The colonial era. Is it History? Past? Or just yesterday‘s news that isn’t relevant anymore today? Or is it terrible. But didn’t it enable Africa to emerge from its archaic living conditions? – Such perspectives are unfortunately very common and confirm Churchill’s phrase that “History is written by the victors.”
The German colonial era is important in many ways – for example, when analysing the web of global economic interests and relations, when speaking about migration and flight or in relation to racism and identity in Germany. We could even add anthropogenic climate change and climate justice to this list.

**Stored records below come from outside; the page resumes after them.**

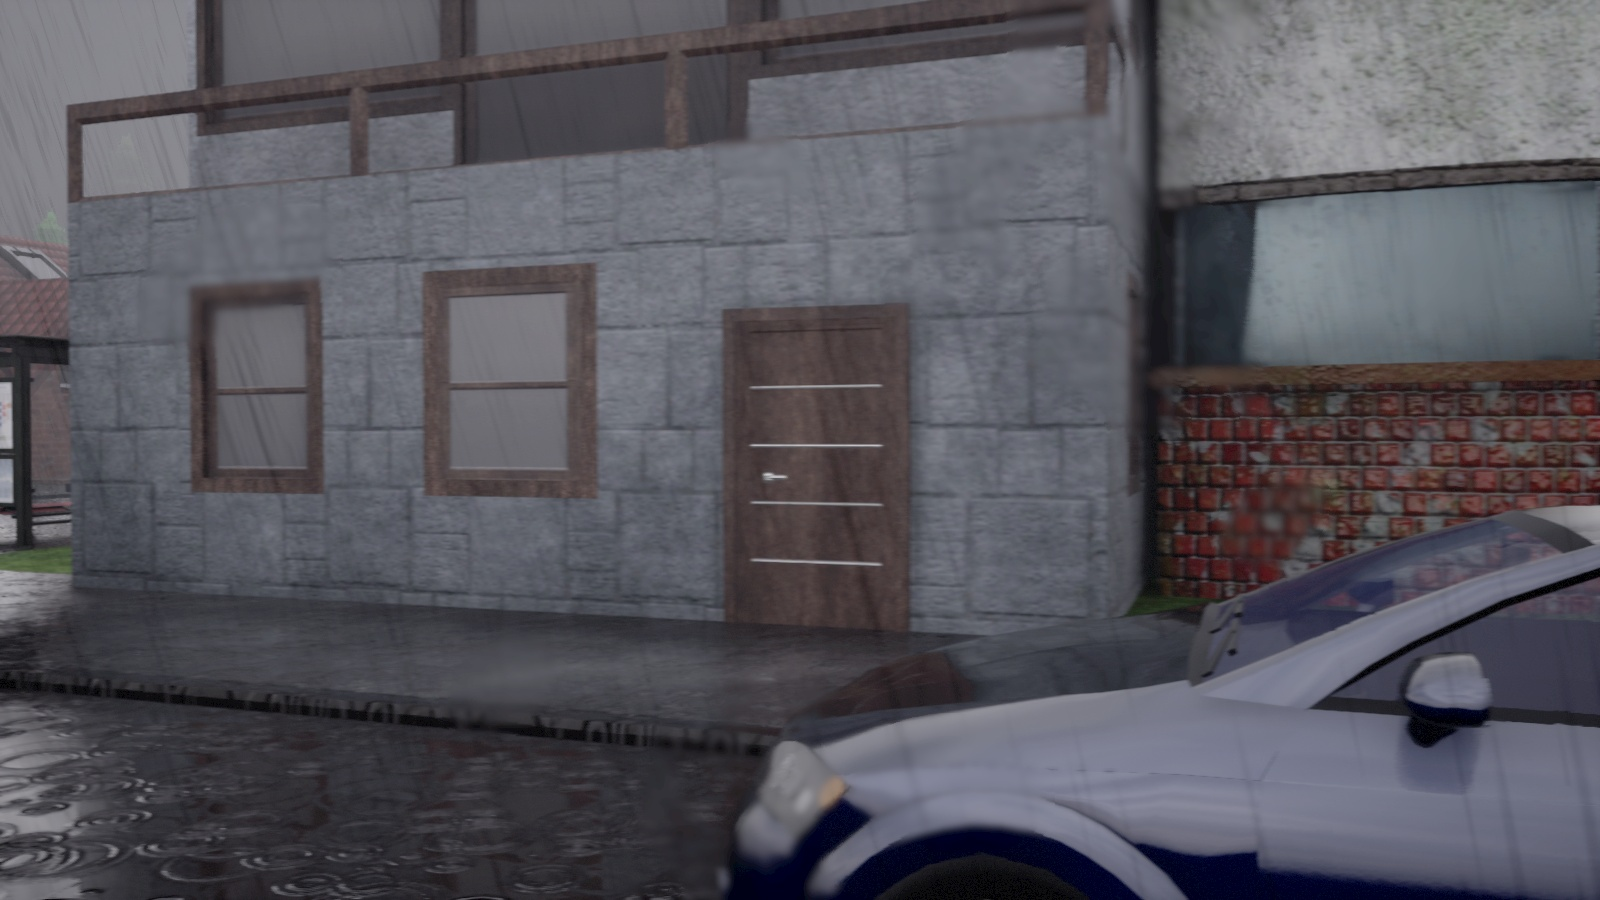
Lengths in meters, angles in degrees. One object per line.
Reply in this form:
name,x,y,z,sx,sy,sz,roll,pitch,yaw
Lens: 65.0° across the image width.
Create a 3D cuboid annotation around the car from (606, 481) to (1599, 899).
car,1.859,0.848,3.106,4.181,1.385,1.994,1,1,20

There are many reasons why people know so little about the colonial history of Germany and its connections to present day issues. The first reason being that Germany became a nation state relatively late when compared to Great Britain, France, the Netherlands, Spain or Portugal, who all played an active part in colonizing the world for centuries. Not until the foundation of the German Reich in 1871 did Germany engaged in the world politics of that era. This backdrop is necessary in order to understand the phrase coined in Germany’s colonial era in 1898 by later chancellor Bernhard von Bülow that called for Germany’s “place in the sun.” The “belated nation” demanded its place among the established colonial powers of the time, which had been active since Columbus and his peers. Having only gained colonial territories after a great delay, Germany’s colonial epoch ended quickly after it lost World War I in 1918/1919. This short period of actual historical colonialism in Germany is typically mentioned in the context of colonialism not being a decisive part in the broader sense of German history. This brings us to the second reason of why people know so little about German colonialism. This is attributed to the valid attention which National Socialism in Germany and the politics of memory demands. It leaves little space to properly asses other chapters of German history, which nevertheless are relevant to its present.

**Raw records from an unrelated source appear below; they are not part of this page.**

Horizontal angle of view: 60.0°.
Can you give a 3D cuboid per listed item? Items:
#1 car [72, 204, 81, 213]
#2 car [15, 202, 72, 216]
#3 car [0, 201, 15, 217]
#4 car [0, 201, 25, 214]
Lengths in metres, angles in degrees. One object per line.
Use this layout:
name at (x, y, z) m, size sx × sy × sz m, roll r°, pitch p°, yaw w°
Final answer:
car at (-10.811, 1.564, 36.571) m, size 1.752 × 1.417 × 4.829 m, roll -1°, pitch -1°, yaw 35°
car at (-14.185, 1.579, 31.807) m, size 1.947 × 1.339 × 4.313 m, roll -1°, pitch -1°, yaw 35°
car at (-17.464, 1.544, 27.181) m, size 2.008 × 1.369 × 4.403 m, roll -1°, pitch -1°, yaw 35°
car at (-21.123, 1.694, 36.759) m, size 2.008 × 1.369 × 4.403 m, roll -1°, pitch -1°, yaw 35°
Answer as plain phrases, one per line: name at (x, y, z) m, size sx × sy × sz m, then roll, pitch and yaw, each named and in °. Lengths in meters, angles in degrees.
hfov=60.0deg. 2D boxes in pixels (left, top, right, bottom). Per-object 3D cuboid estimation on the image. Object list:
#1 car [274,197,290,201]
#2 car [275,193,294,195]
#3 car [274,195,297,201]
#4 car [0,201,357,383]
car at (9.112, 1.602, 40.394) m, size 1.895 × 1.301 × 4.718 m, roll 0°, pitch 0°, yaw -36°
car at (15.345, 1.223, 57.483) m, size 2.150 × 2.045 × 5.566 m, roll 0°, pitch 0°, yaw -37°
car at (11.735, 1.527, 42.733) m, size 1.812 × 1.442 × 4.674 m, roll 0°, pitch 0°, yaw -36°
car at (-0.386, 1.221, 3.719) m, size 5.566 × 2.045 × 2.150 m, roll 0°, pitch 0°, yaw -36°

If we want to consider active German colonialism and its impacts, we must start earlier than this period, and begin with the Atlantic slave trade. It not only financed the industrialization of the Western world, but also created racism as a shallow justification for an inhumane economical system. Germany also benefited from the slave trade, which was the biggest forced migration in history and cost the African continent approximately 60 Million people in about 400 years.
Without this part of history, the frenzied partition of Africa, which culminated at the Berlin Conference of 1884/85, would not have been ideologically possible. From that point on, Germany was officially a part of colonist society, and ensured access to resources and new markets for its own uprising industries with the help of bogus contracts and military force.
In every German colony, such as: Togo, Cameroon, German South West Africa, German East Africa, German New Guinea, German Samoa and in Jiaozhou Bay, resistance arose against the European colonist. In German South West Africa, today known as Namibia, the colonial settlement’s policies awarded 75% of the land to German settlers and ultimately led to the first genocide of the 20th century. Estimates of up to 100.000 people were killed. About 80% of the victims were Herero and 20% Namaque. Half of the local population died. Some of the deceased died in the first German concentration camps like the camp in the Omaheke desert in which the majority perished.
In German East Africa – today encompassing Tanzania, Rwanda, Burundi and parts of Northern Mozambique – around 300.000 people were killed in the Maji Maji Rebellion. In comparison: only 15 Germans died. The depopulation of vast areas made it possible for wild life to return and repopulate those territories. Everyone who goes on safari in Tanzania today should be aware of the fact that they may not actually be surrounded by “pristine, virgin Africa” as is advertised.
The resistance that was brutally crushed in China was approved by Kaiser Wilhelm II personally in his so-called “Hun speech” in which he directly addressed the soldiers who were sent out to put down the Boxer Uprising. The colonial era may be over, but the effects of its heritage persist in our present day. Examples of this heritage are visible throughout Germany in the form of street names and memorial sites that continue to honour colonial felonies without reflecting on the true nature of this era. Cologne is not immune from honouring colonial felons through plaques and other memorials, which can be visited again and again on a digital map of the city.